Sorry not to have written here for so long, and I promise to try to do better in the future. Things have been getting in the way, like, as well as writing books I’ve been doing lots of work on our house here: making new doors; chiselling out and repointing the front wall which, under the about a half inch thick of old pointing, is mostly held together with mud, making a concrete skirting along the bottom of the wall, making trellises and a grape arbour, oh, and swimming and drinking too much wine.
So, over the last few months I’ve completed the first draft, at 150,000 words, of the next book and finally settled on a title. It will be called The Departure and will be the first book in The Owner series (whose length is yet to be decided). This tells the the story implicit in the title of the Owner’s early years (short stories about the Owner are to be found in The Engineer ReConditioned) in which he begins his gradual climb to godlike power.
Finally having managed to get this printed off I’m leaving it to Caroline to read through before I again take a look at it. Hopefully by then I’ll have distanced myself from it enough to be able to see the glaring errors.
Meanwhile I’ve started on Gabbleducks – the third book of this latest three-book contract for Macmillan. Thus far I have the only living survivor of a hooder attack trying to recover his sanity. Polity medical technology would be able to sort him out in a trice, were it not for the fact that the AIs are reluctant to meddle with his mind since the hooder that attacked him was a near mythical creature called The Technician, and it did something to him that even they don’t quite understand. Also there are other circumstances surrounding this attack, which happened during the rebellion against the Theocracy on Masada, like the presence of a gabbleduck at the scene, and how it may or may not have been involved.

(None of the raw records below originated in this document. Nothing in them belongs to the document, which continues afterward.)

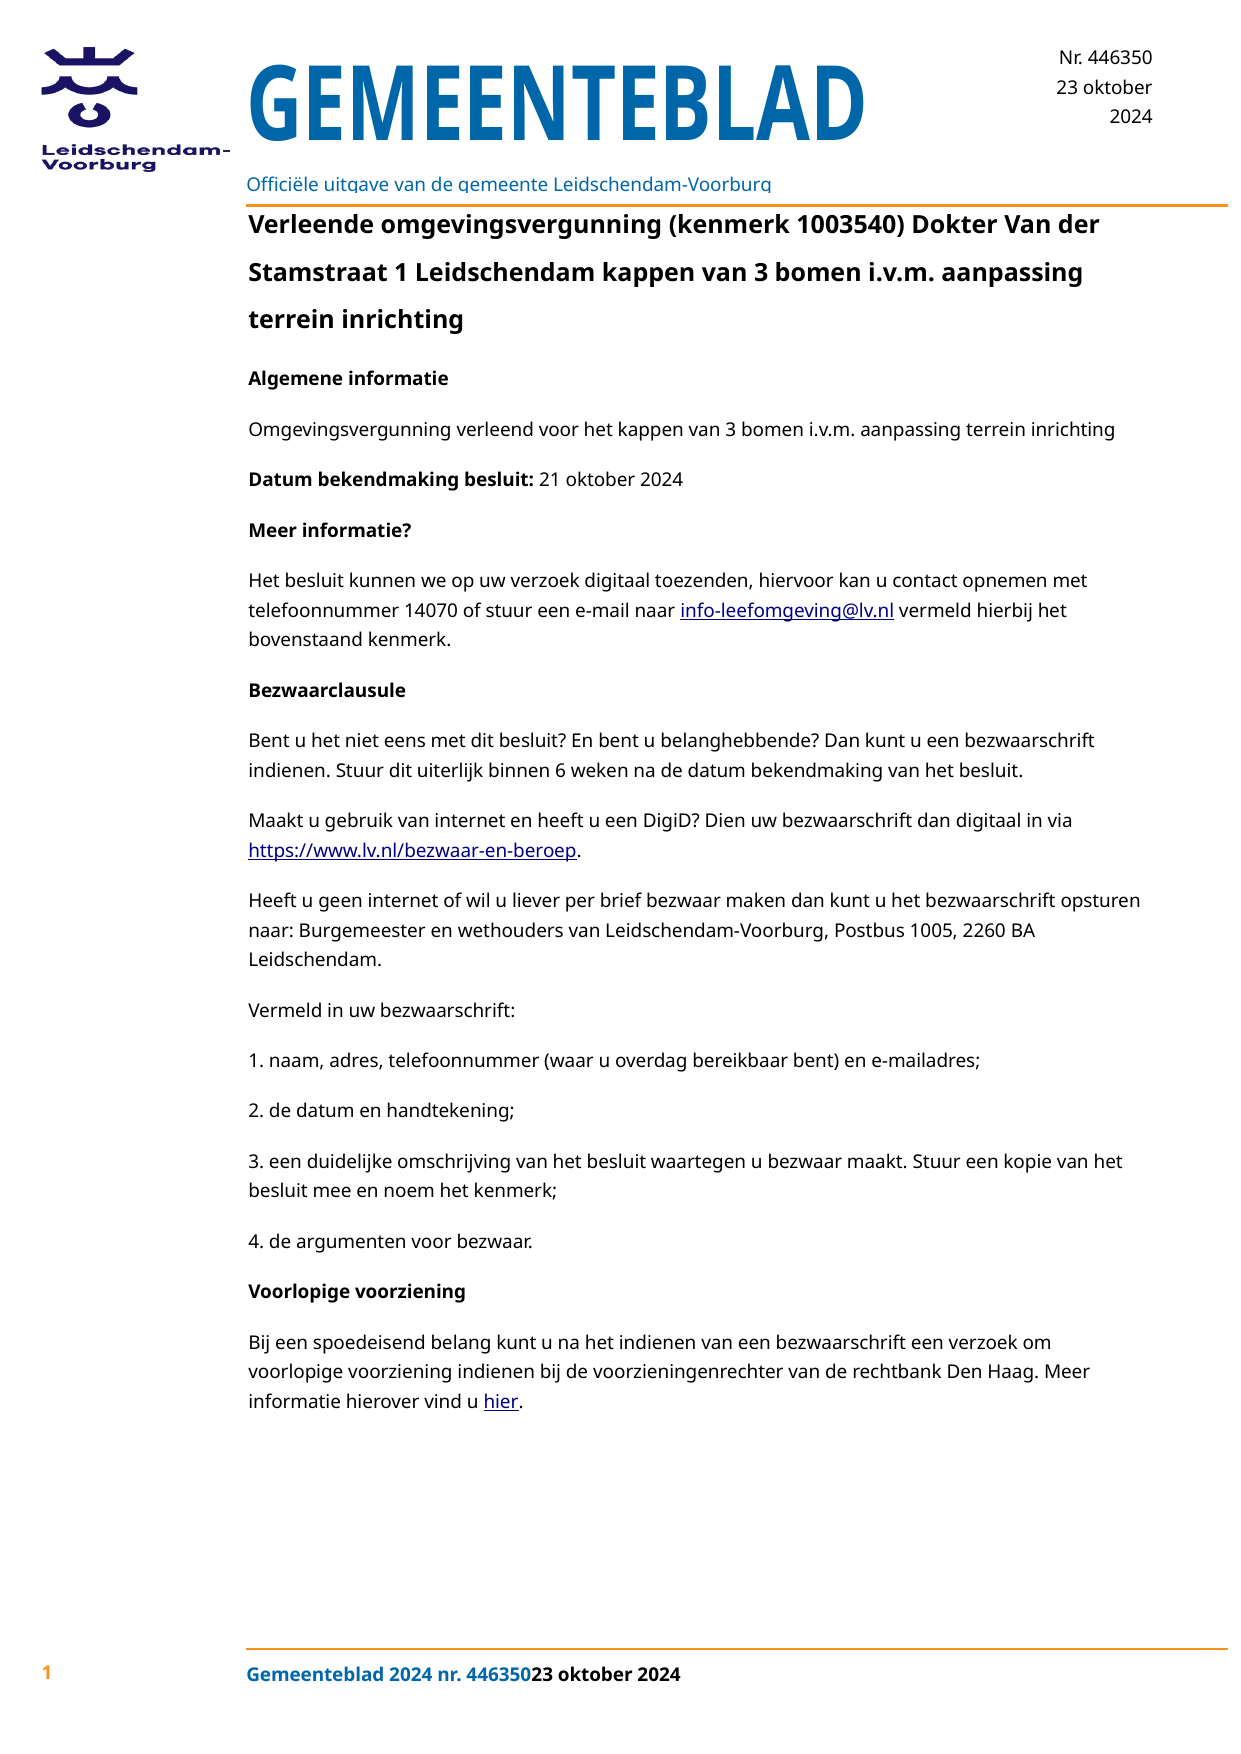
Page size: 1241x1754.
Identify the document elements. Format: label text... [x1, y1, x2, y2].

text 2. de datum en handtekening; [248, 1098, 1152, 1123]
text 4. de argumenten voor bezwaar. [248, 1228, 1152, 1254]
text 3. een duidelijke omschrijving van het besluit waartegen u bezwaar maakt. Stuur een kopie van het besluit mee en noem het kenmerk; [248, 1148, 1152, 1203]
text Omgevingsvergunning verleend voor het kappen van 3 bomen i.v.m. aanpassing terrein inrichting [248, 416, 1152, 442]
text Meer informatie? [248, 517, 1152, 542]
text Verleende omgevingsvergunning (kenmerk 1003540) Dokter Van der Stamstraat 1 Leidschendam kappen van 3 bomen i.v.m. aanpassing terrein inrichting [248, 207, 1152, 336]
text 1. naam, adres, telefoonnummer (waar u overdag bereikbaar bent) en e-mailadres; [248, 1047, 1152, 1073]
text Voorlopige voorziening [248, 1278, 1152, 1304]
text Het besluit kunnen we op uw verzoek digitaal toezenden, hiervoor kan u contact opnemen met telefoonnummer 14070 of stuur een e-mail naar info-leefomgeving@lv.nl vermeld hierbij het bovenstaand kenmerk. [248, 567, 1152, 652]
text Datum bekendmaking besluit: 21 oktober 2024 [248, 466, 1152, 492]
text Vermeld in uw bezwaarschrift: [248, 997, 1152, 1022]
text Algemene informatie [248, 366, 1152, 391]
text Bezwaarclausule [248, 677, 1152, 702]
text Heeft u geen internet of wil u liever per brief bezwaar maken dan kunt u het bezwaarschrift opsturen naar: Burgemeester en wethouders van Leidschendam-Voorburg, Postbus 1005, 2260 BA Leidschendam. [248, 887, 1152, 972]
text Bent u het niet eens met dit besluit? En bent u belanghebbende? Dan kunt u een bezwaarschrift indienen. Stuur dit uiterlijk binnen 6 weken na de datum bekendmaking van het besluit. [248, 727, 1152, 782]
text Maakt u gebruik van internet en heeft u een DigiD? Dien uw bezwaarschrift dan digitaal in via https://www.lv.nl/bezwaar-en-beroep. [248, 807, 1152, 862]
picture [41, 47, 231, 172]
text Bij een spoedeisend belang kunt u na het indienen van een bezwaarschrift een verzoek om voorlopige voorziening indienen bij de voorzieningenrechter van de rechtbank Den Haag. Meer informatie hierover vind u hier. [248, 1329, 1152, 1414]

I’m having fun with this one. With the an odd character called Chanter who pursues The Technician in his mudmarine, trying to understand the grotesque sculptures of bones the creature makes with its victim’s remains, trying to understand its art… And, since the whole investigation of all this involves insanity, who better to head the investigation than a war drone who has experienced this condition and now takes great interest in it – a war drone with the shape of a scorpion, and who may be accompanied by a black AI previously thought to be dead.
He must explore the insanity of a race called the Atheter who apparently sacrificed civilization and intelligence to avoid becoming victims of an alien technology, and the insanity of a man called Jeremiah Tombs, an erstwhile Proctor – one of the religious police of Masada – who refuses to remember what happened to him, refuses to even believe the Theocracy has fallen, and has a very strange interest in the Euclidean patterns on the shells of the penny molluscs of that world…
Don’t ask me where all this is going. If I knew I wouldn’t have so much fun writing it. I can promise excessive weirdness and violence, however.